Издревле обряд жертвоприношения, как культовое действие, совершался ради того, чтобы понудить божество к действию с благоприятным исходом. Предваряя будущее событие (например, охоту), человек разыгрывал его в той мере, в какой представлял его себе.

Проигрывая будущее событие и проживая его мистически, человек думал только о том, чтобы не разрушить в мироустройстве заложенного изначально порядка и гармонии.

Каждое новое действие имело свое начало, равно как свое начало было и у Вселенной, созданной когда-то божеством из Хаоса, поэтому в основе языческого культа лежало стремление повторить, точнее сымитировать, божественный изначальный акт творения. Жертвенное животное разрывается точно так же, как когда-то божество разорвало Хаос, или, вспоминая некоторые древнейшие мифы, как была, например, на две части - Небо и Землю - разорвана Тиамат. Вспоминается и древнеиндийский Пуруша, плоть которого самыми разными частями послужила основанием творения мира. Оттого-то и сами действия жрецов во время совершения культа, когда они могли в экстазе рвать на себе волосы, царапать свое лицо или наносить удары друг другу, - как бы повторяли древнейшую картину.

Изначально, вероятно, жертвой, приносимой божеству, как творцу Вселенной, был человек, ибо для божества животное не являлось первоосновой. И лишь позднее животные заменят собой самого человека. Древнегреческий философ Плутарх писал, что «жрецы приносили Тифону в жертву рыжего быка, на котором не могло быть ни одного волоска – ни белого, ни черного, причем жертвенное животное они предварительно отмечали печатью, изображающею человека стоящего на коленях с завязанными назад руками и с приставленным к горлу мечом. Прежде принесения этого быка в жертву, они произносили над его головою проклятия».

Обряд жертвоприношения обязательно включал в себя связывание жертвы, поэтому слово «жертва» во многих языках соотносится со значением «вязать», «связывать». При этом свое сакральное значение имел и сам узел, считавшийся в древности магическим символом. Посредством узла можно было «связать» как добро, здоровье и счастье, так и зло.
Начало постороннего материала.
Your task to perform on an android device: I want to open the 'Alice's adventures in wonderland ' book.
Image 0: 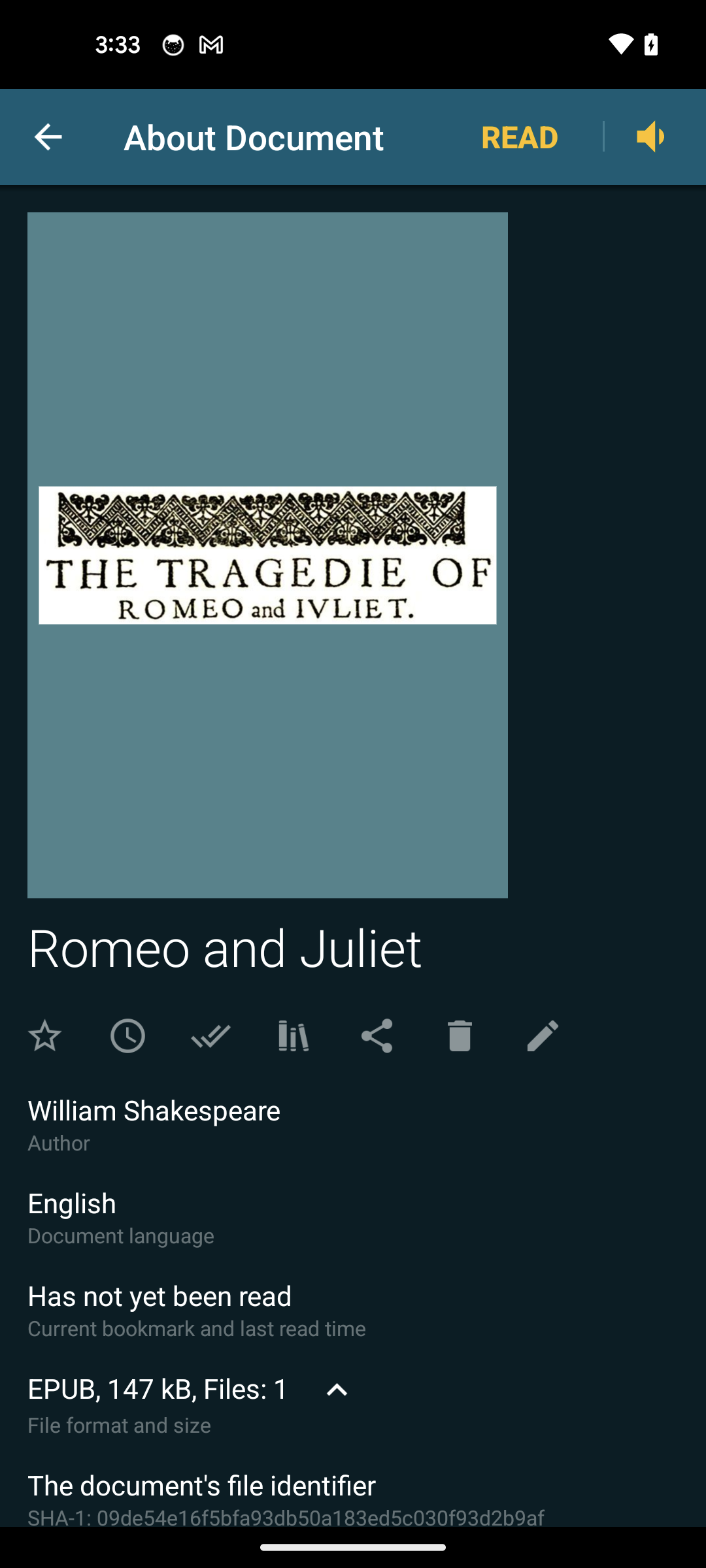
Go back to the previous page
Step 0: press back button
Image 2: 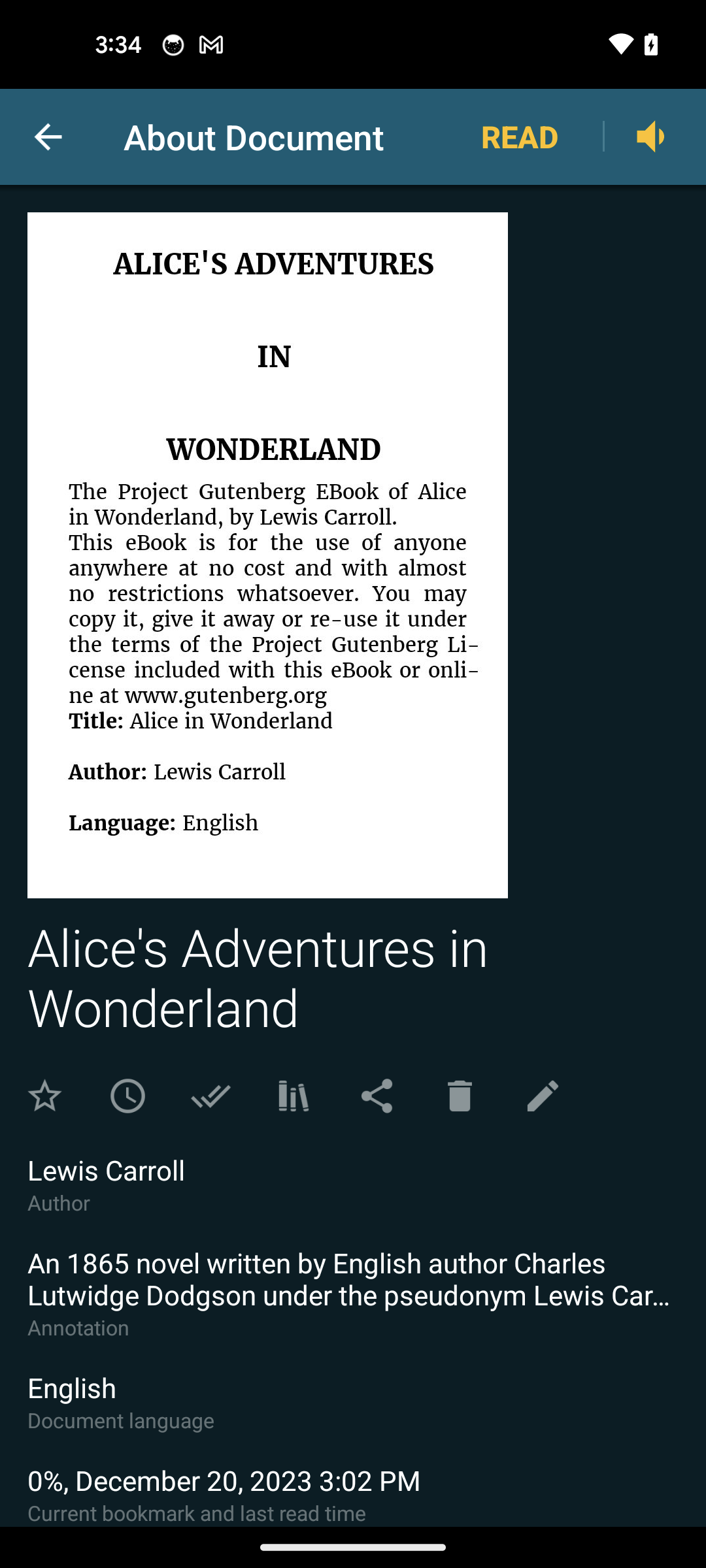
Tap on the book
Step 2: click (267, 555)

И если в первом случае – это означало нанести прямой вред человеку, лишив его здоровья, а значит добра и счастья, то во втором – с помощью всё того же узла можно избавить человека от болезней и страданий. В древней магии различались узлы, навлекающие беду или смерть на врагов, от узлов, используемых с целью защиты от диких животных, злых духов, болезней, смерти, дурного глаза. Свое магическое значение, например, у арабов имело завязывание узлов в бороде или завивание веток деревьев перед тем, как отправиться в дальнее путешествие; на Руси завивание хлебных колосьев на поле совершалось с целью отпугивания злых духов.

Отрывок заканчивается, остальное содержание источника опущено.